■ **What you will do**
Please print the data again exactly as given.

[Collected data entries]
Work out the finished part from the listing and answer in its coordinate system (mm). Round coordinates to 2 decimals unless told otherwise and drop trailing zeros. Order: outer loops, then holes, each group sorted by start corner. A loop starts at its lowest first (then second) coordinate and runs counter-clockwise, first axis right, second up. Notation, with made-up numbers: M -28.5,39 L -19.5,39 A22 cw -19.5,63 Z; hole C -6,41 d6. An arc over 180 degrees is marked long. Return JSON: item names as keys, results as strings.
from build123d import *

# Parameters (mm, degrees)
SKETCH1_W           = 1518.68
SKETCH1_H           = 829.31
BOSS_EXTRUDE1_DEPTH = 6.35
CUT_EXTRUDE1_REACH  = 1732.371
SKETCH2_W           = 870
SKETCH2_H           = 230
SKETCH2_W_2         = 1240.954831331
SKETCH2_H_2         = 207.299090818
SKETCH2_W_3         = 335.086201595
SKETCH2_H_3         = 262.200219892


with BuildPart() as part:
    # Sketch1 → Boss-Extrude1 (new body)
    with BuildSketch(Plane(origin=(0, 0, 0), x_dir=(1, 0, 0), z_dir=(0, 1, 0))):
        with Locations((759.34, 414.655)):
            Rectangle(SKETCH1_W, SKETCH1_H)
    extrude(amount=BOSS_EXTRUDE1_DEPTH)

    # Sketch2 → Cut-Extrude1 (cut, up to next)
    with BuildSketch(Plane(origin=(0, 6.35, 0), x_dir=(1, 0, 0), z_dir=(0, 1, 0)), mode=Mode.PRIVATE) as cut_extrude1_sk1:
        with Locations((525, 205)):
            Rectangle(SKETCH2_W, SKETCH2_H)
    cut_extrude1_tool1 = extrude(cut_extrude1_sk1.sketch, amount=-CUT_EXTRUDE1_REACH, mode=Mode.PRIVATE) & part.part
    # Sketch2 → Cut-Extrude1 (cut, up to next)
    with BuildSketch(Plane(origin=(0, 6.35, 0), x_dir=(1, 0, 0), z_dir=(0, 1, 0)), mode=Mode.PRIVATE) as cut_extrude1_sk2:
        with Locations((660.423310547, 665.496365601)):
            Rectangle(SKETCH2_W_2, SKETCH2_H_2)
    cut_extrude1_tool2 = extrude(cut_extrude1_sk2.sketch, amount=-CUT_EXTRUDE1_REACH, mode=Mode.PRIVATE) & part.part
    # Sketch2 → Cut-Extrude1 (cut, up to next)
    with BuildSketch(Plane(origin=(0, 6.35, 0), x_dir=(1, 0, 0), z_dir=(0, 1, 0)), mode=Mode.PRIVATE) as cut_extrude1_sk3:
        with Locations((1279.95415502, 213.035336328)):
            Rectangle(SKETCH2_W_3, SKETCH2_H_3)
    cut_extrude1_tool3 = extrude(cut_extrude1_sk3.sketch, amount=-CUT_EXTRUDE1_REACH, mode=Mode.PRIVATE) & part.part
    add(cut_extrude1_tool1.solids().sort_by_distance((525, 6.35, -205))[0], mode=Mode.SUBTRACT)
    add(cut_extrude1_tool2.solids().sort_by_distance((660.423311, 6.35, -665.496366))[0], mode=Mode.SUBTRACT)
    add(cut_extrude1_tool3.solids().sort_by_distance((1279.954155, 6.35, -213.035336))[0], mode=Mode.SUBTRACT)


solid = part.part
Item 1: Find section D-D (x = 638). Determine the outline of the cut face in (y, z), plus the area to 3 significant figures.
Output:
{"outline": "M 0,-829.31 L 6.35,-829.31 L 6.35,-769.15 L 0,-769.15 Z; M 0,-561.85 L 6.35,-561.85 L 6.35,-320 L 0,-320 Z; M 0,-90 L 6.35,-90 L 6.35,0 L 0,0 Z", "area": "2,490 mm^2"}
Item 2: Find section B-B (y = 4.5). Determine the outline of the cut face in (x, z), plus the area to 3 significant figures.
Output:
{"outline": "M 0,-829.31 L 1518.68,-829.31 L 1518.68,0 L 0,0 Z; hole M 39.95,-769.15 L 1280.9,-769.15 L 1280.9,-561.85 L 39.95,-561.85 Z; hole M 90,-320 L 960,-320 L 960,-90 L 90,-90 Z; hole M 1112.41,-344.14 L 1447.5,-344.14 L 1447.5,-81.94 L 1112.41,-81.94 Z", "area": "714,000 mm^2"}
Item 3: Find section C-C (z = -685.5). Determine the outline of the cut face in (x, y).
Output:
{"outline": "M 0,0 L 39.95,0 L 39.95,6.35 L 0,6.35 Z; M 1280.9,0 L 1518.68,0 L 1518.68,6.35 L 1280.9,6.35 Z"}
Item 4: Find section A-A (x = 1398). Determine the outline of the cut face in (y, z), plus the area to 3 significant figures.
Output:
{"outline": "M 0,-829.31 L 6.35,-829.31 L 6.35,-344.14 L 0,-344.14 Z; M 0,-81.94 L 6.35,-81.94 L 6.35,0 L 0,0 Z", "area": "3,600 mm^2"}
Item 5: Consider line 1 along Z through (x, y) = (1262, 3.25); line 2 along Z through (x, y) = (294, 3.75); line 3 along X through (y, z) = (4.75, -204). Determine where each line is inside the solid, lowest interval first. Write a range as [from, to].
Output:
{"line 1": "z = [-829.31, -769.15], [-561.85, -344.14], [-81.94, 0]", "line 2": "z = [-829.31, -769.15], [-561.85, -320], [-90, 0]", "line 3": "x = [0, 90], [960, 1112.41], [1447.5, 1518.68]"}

■ **Exercise response**
Work out the finished part from the listing and answer in its coordinate system (mm). Round coordinates to 2 decimals unless told otherwise and drop trailing zeros. Order: outer loops, then holes, each group sorted by start corner. A loop starts at its lowest first (then second) coordinate and runs counter-clockwise, first axis right, second up. Notation, with made-up numbers: M -28.5,39 L -19.5,39 A22 cw -19.5,63 Z; hole C -6,41 d6. An arc over 180 degrees is marked long. Return JSON: item names as keys, results as strings.
from build123d import *

# Parameters (mm, degrees)
SKETCH1_W           = 1518.68
SKETCH1_H           = 829.31
BOSS_EXTRUDE1_DEPTH = 6.35
CUT_EXTRUDE1_REACH  = 1732.371
SKETCH2_W           = 870
SKETCH2_H           = 230
SKETCH2_W_2         = 1240.954831331
SKETCH2_H_2         = 207.299090818
SKETCH2_W_3         = 335.086201595
SKETCH2_H_3         = 262.200219892


with BuildPart() as part:
    # Sketch1 → Boss-Extrude1 (new body)
    with BuildSketch(Plane(origin=(0, 0, 0), x_dir=(1, 0, 0), z_dir=(0, 1, 0))):
        with Locations((759.34, 414.655)):
            Rectangle(SKETCH1_W, SKETCH1_H)
    extrude(amount=BOSS_EXTRUDE1_DEPTH)

    # Sketch2 → Cut-Extrude1 (cut, up to next)
    with BuildSketch(Plane(origin=(0, 6.35, 0), x_dir=(1, 0, 0), z_dir=(0, 1, 0)), mode=Mode.PRIVATE) as cut_extrude1_sk1:
        with Locations((525, 205)):
            Rectangle(SKETCH2_W, SKETCH2_H)
    cut_extrude1_tool1 = extrude(cut_extrude1_sk1.sketch, amount=-CUT_EXTRUDE1_REACH, mode=Mode.PRIVATE) & part.part
    # Sketch2 → Cut-Extrude1 (cut, up to next)
    with BuildSketch(Plane(origin=(0, 6.35, 0), x_dir=(1, 0, 0), z_dir=(0, 1, 0)), mode=Mode.PRIVATE) as cut_extrude1_sk2:
        with Locations((660.423310547, 665.496365601)):
            Rectangle(SKETCH2_W_2, SKETCH2_H_2)
    cut_extrude1_tool2 = extrude(cut_extrude1_sk2.sketch, amount=-CUT_EXTRUDE1_REACH, mode=Mode.PRIVATE) & part.part
    # Sketch2 → Cut-Extrude1 (cut, up to next)
    with BuildSketch(Plane(origin=(0, 6.35, 0), x_dir=(1, 0, 0), z_dir=(0, 1, 0)), mode=Mode.PRIVATE) as cut_extrude1_sk3:
        with Locations((1279.95415502, 213.035336328)):
            Rectangle(SKETCH2_W_3, SKETCH2_H_3)
    cut_extrude1_tool3 = extrude(cut_extrude1_sk3.sketch, amount=-CUT_EXTRUDE1_REACH, mode=Mode.PRIVATE) & part.part
    add(cut_extrude1_tool1.solids().sort_by_distance((525, 6.35, -205))[0], mode=Mode.SUBTRACT)
    add(cut_extrude1_tool2.solids().sort_by_distance((660.423311, 6.35, -665.496366))[0], mode=Mode.SUBTRACT)
    add(cut_extrude1_tool3.solids().sort_by_distance((1279.954155, 6.35, -213.035336))[0], mode=Mode.SUBTRACT)


solid = part.part
Item 1: Find section D-D (x = 638). Determine the outline of the cut face in (y, z), plus the area to 3 significant figures.
Output:
{"outline": "M 0,-829.31 L 6.35,-829.31 L 6.35,-769.15 L 0,-769.15 Z; M 0,-561.85 L 6.35,-561.85 L 6.35,-320 L 0,-320 Z; M 0,-90 L 6.35,-90 L 6.35,0 L 0,0 Z", "area": "2,490 mm^2"}
Item 2: Find section B-B (y = 4.5). Determine the outline of the cut face in (x, z), plus the area to 3 significant figures.
Output:
{"outline": "M 0,-829.31 L 1518.68,-829.31 L 1518.68,0 L 0,0 Z; hole M 39.95,-769.15 L 1280.9,-769.15 L 1280.9,-561.85 L 39.95,-561.85 Z; hole M 90,-320 L 960,-320 L 960,-90 L 90,-90 Z; hole M 1112.41,-344.14 L 1447.5,-344.14 L 1447.5,-81.94 L 1112.41,-81.94 Z", "area": "714,000 mm^2"}
Item 3: Find section C-C (z = -685.5). Determine the outline of the cut face in (x, y).
Output:
{"outline": "M 0,0 L 39.95,0 L 39.95,6.35 L 0,6.35 Z; M 1280.9,0 L 1518.68,0 L 1518.68,6.35 L 1280.9,6.35 Z"}
Item 4: Find section A-A (x = 1398). Determine the outline of the cut face in (y, z), plus the area to 3 significant figures.
Output:
{"outline": "M 0,-829.31 L 6.35,-829.31 L 6.35,-344.14 L 0,-344.14 Z; M 0,-81.94 L 6.35,-81.94 L 6.35,0 L 0,0 Z", "area": "3,600 mm^2"}
Item 5: Consider line 1 along Z through (x, y) = (1262, 3.25); line 2 along Z through (x, y) = (294, 3.75); line 3 along X through (y, z) = (4.75, -204). Determine where each line is inside the solid, lowest interval first. Write a range as [from, to].
Output:
{"line 1": "z = [-829.31, -769.15], [-561.85, -344.14], [-81.94, 0]", "line 2": "z = [-829.31, -769.15], [-561.85, -320], [-90, 0]", "line 3": "x = [0, 90], [960, 1112.41], [1447.5, 1518.68]"}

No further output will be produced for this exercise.